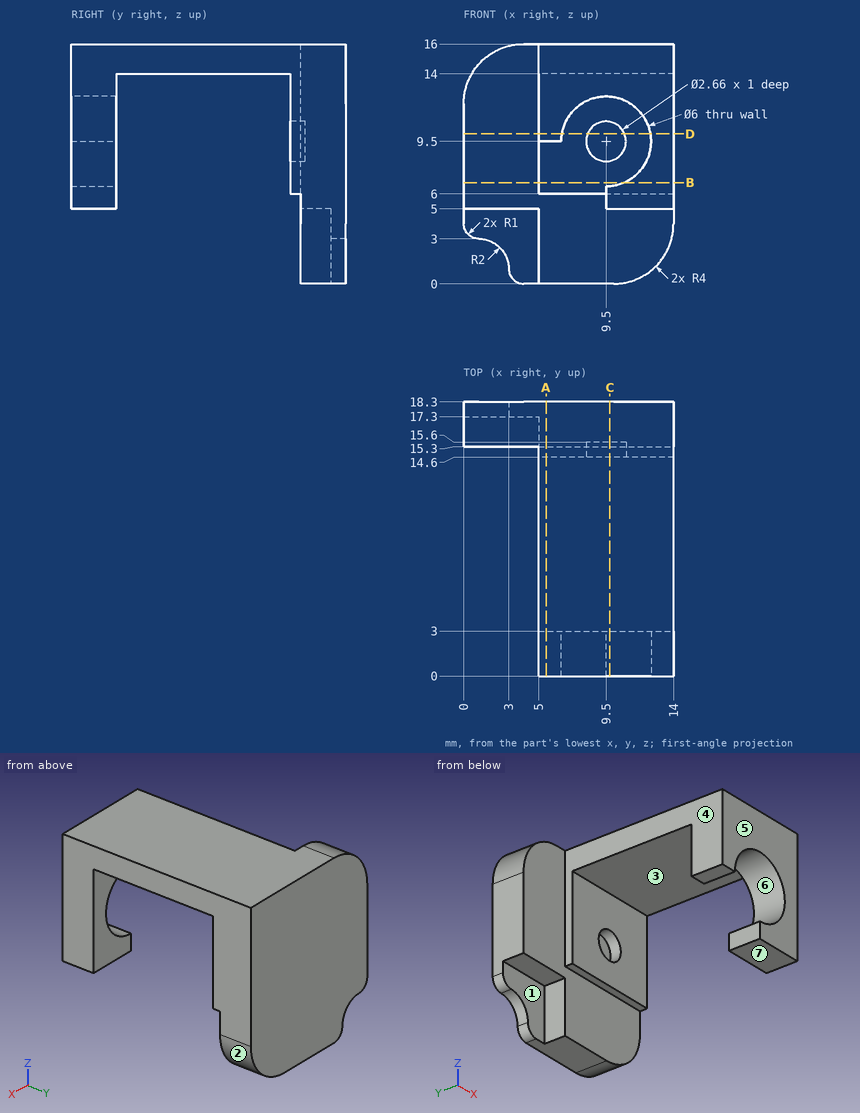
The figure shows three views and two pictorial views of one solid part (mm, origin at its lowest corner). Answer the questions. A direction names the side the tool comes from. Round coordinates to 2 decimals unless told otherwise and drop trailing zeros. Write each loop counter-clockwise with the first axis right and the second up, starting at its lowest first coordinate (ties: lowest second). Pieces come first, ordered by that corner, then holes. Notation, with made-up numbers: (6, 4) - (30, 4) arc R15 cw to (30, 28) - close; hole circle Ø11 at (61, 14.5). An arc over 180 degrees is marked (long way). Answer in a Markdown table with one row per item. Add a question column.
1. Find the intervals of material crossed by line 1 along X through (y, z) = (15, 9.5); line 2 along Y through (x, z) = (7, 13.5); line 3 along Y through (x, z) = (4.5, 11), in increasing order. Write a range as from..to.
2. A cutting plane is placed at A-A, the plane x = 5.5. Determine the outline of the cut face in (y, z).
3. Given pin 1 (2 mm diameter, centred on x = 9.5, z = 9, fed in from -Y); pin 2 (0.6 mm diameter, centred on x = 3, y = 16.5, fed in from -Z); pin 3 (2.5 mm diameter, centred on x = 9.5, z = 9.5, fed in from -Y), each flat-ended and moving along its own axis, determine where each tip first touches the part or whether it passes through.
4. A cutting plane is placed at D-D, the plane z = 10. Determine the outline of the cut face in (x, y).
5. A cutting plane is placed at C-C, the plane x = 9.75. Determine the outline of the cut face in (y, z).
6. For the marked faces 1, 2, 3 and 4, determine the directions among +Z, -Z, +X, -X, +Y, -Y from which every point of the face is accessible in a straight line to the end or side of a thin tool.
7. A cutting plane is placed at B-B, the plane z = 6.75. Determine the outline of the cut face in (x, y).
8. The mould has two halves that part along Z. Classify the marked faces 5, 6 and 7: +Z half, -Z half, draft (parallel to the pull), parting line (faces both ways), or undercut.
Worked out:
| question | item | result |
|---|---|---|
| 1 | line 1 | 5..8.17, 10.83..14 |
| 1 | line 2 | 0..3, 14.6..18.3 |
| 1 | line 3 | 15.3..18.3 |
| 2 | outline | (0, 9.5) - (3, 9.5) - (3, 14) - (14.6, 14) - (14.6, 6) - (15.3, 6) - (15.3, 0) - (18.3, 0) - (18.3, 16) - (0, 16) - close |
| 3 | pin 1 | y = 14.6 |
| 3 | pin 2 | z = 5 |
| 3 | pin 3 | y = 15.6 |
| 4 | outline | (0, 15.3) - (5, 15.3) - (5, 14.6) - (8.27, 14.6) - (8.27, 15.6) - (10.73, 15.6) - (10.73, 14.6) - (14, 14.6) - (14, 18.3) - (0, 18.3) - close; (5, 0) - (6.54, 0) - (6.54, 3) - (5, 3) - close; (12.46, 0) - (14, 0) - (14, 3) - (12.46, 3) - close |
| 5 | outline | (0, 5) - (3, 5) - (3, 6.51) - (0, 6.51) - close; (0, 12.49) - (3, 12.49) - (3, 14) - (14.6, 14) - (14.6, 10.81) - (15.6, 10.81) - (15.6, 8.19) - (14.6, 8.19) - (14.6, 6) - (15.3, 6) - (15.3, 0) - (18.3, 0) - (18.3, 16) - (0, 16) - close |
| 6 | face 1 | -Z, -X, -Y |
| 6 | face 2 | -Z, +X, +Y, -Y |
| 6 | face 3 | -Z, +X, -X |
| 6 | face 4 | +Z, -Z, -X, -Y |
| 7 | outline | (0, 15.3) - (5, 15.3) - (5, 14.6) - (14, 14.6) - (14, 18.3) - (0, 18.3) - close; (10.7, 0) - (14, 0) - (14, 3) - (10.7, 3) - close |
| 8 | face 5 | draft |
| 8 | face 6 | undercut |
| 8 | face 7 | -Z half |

_YOUR OBJECTIVE_
The lines that mention the word "marked" should be pulled from the records above.

_ANSWER BOX_
The figure shows three views and two pictorial views of one solid part (mm, origin at its lowest corner). Answer the questions. A direction names the side the tool comes from. Round coordinates to 2 decimals unless told otherwise and drop trailing zeros. Write each loop counter-clockwise with the first axis right and the second up, starting at its lowest first coordinate (ties: lowest second). Pieces come first, ordered by that corner, then holes. Notation, with made-up numbers: (6, 4) - (30, 4) arc R15 cw to (30, 28) - close; hole circle Ø11 at (61, 14.5). An arc over 180 degrees is marked (long way). Answer in a Markdown table with one row per item. Add a question column.
6. For the marked faces 1, 2, 3 and 4, determine the directions among +Z, -Z, +X, -X, +Y, -Y from which every point of the face is accessible in a straight line to the end or side of a thin tool.
8. The mould has two halves that part along Z. Classify the marked faces 5, 6 and 7: +Z half, -Z half, draft (parallel to the pull), parting line (faces both ways), or undercut.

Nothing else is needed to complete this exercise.